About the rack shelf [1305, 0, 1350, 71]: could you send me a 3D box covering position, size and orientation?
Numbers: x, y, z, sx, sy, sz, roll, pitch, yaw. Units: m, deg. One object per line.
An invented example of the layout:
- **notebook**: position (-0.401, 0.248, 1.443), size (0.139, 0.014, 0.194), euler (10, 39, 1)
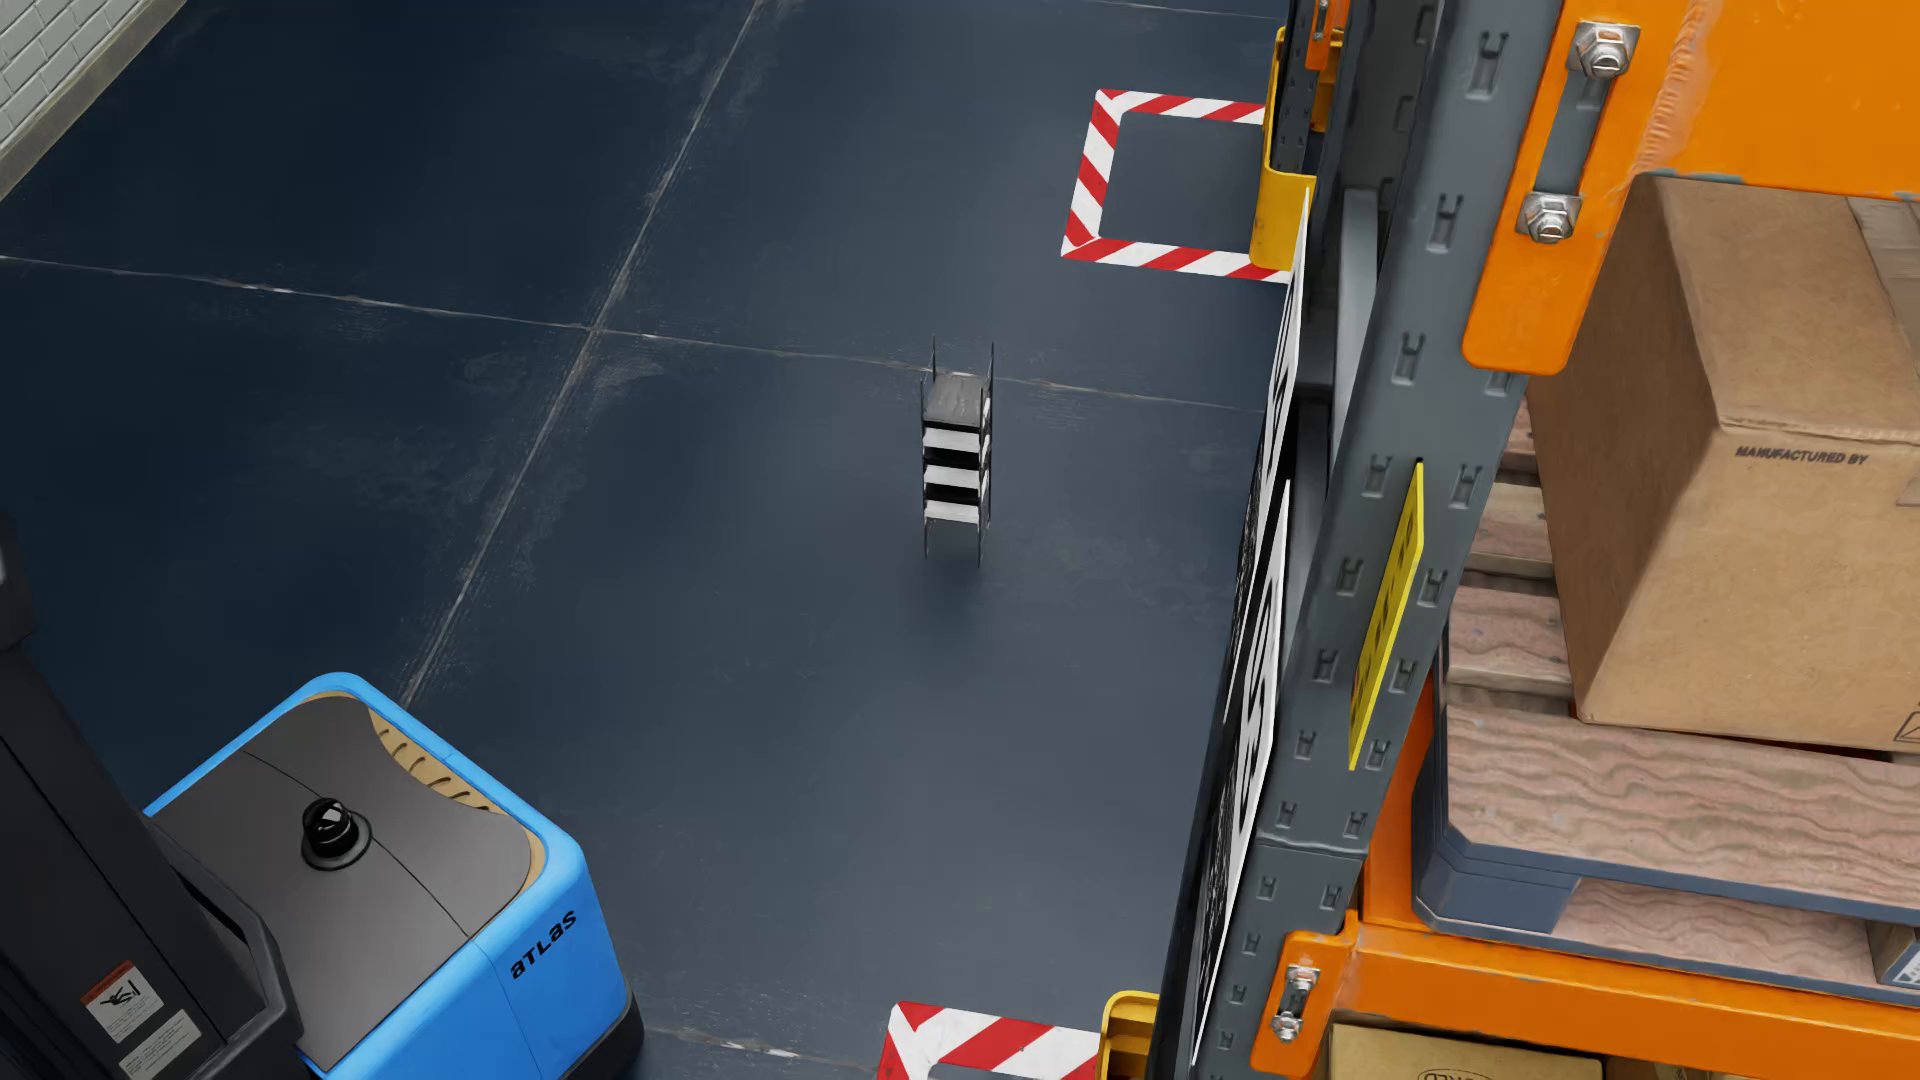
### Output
- **rack shelf**: position (3.438, -2.119, 6.621), size (4.000, 0.370, 1.077), euler (8, 49, 7)

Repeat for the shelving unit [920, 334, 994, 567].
- **shelving unit**: position (-0.008, -0.302, 5.916), size (0.210, 0.900, 0.258), euler (8, 49, 7)

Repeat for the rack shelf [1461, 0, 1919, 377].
- **rack shelf**: position (2.456, -0.373, 1.288), size (4.000, 0.370, 1.077), euler (8, 49, 7)

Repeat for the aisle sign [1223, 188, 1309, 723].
- **aisle sign**: position (0.471, -0.105, 2.580), size (0.004, 0.787, 0.394), euler (8, 49, 7)

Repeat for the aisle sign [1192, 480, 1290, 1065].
- **aisle sign**: position (0.364, 0.334, 2.185), size (0.004, 0.787, 0.394), euler (8, 49, 7)

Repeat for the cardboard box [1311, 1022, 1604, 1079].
- **cardboard box**: position (0.913, 1.205, 3.052), size (0.500, 0.250, 0.500), euler (7, 48, 6)

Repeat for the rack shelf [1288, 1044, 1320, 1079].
- **rack shelf**: position (2.456, 1.498, 3.371), size (4.000, 0.370, 1.077), euler (8, 49, 7)

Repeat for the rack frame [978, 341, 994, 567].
- **rack frame**: position (0.092, -0.288, 5.904), size (0.006, 0.900, 0.240), euler (8, 49, 7)

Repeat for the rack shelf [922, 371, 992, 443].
- **rack shelf**: position (-0.008, -0.460, 5.740), size (0.200, 0.077, 0.258), euler (8, 49, 7)

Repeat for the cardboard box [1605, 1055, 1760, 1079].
- **cardboard box**: position (1.405, 1.020, 2.713), size (0.500, 0.500, 0.500), euler (7, 48, 6)

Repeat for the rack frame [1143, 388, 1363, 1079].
- **rack frame**: position (0.488, 0.993, 3.341), size (0.127, 3.000, 1.000), euler (8, 49, 7)

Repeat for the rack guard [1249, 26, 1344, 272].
- **rack guard**: position (1.545, -1.779, 7.512), size (0.348, 0.500, 1.175), euler (8, 49, 7)

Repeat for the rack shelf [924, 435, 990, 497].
:::::
_Problem to solve_:
Transcribe the records above exactly, without images.

_Solution below_:
About the rack shelf [1305, 0, 1350, 71]: could you send me a 3D box covering position, size and orientation?
Numbers: x, y, z, sx, sy, sz, roll, pitch, yaw. Units: m, deg. One object per line.
An invented example of the layout:
- **notebook**: position (-0.401, 0.248, 1.443), size (0.139, 0.014, 0.194), euler (10, 39, 1)
### Output
- **rack shelf**: position (3.438, -2.119, 6.621), size (4.000, 0.370, 1.077), euler (8, 49, 7)

Repeat for the shelving unit [920, 334, 994, 567].
- **shelving unit**: position (-0.008, -0.302, 5.916), size (0.210, 0.900, 0.258), euler (8, 49, 7)

Repeat for the rack shelf [1461, 0, 1919, 377].
- **rack shelf**: position (2.456, -0.373, 1.288), size (4.000, 0.370, 1.077), euler (8, 49, 7)

Repeat for the aisle sign [1223, 188, 1309, 723].
- **aisle sign**: position (0.471, -0.105, 2.580), size (0.004, 0.787, 0.394), euler (8, 49, 7)

Repeat for the aisle sign [1192, 480, 1290, 1065].
- **aisle sign**: position (0.364, 0.334, 2.185), size (0.004, 0.787, 0.394), euler (8, 49, 7)

Repeat for the cardboard box [1311, 1022, 1604, 1079].
- **cardboard box**: position (0.913, 1.205, 3.052), size (0.500, 0.250, 0.500), euler (7, 48, 6)

Repeat for the rack shelf [1288, 1044, 1320, 1079].
- **rack shelf**: position (2.456, 1.498, 3.371), size (4.000, 0.370, 1.077), euler (8, 49, 7)

Repeat for the rack frame [978, 341, 994, 567].
- **rack frame**: position (0.092, -0.288, 5.904), size (0.006, 0.900, 0.240), euler (8, 49, 7)

Repeat for the rack shelf [922, 371, 992, 443].
- **rack shelf**: position (-0.008, -0.460, 5.740), size (0.200, 0.077, 0.258), euler (8, 49, 7)

Repeat for the cardboard box [1605, 1055, 1760, 1079].
- **cardboard box**: position (1.405, 1.020, 2.713), size (0.500, 0.500, 0.500), euler (7, 48, 6)

Repeat for the rack frame [1143, 388, 1363, 1079].
- **rack frame**: position (0.488, 0.993, 3.341), size (0.127, 3.000, 1.000), euler (8, 49, 7)

Repeat for the rack guard [1249, 26, 1344, 272].
- **rack guard**: position (1.545, -1.779, 7.512), size (0.348, 0.500, 1.175), euler (8, 49, 7)

Repeat for the rack shelf [924, 435, 990, 497].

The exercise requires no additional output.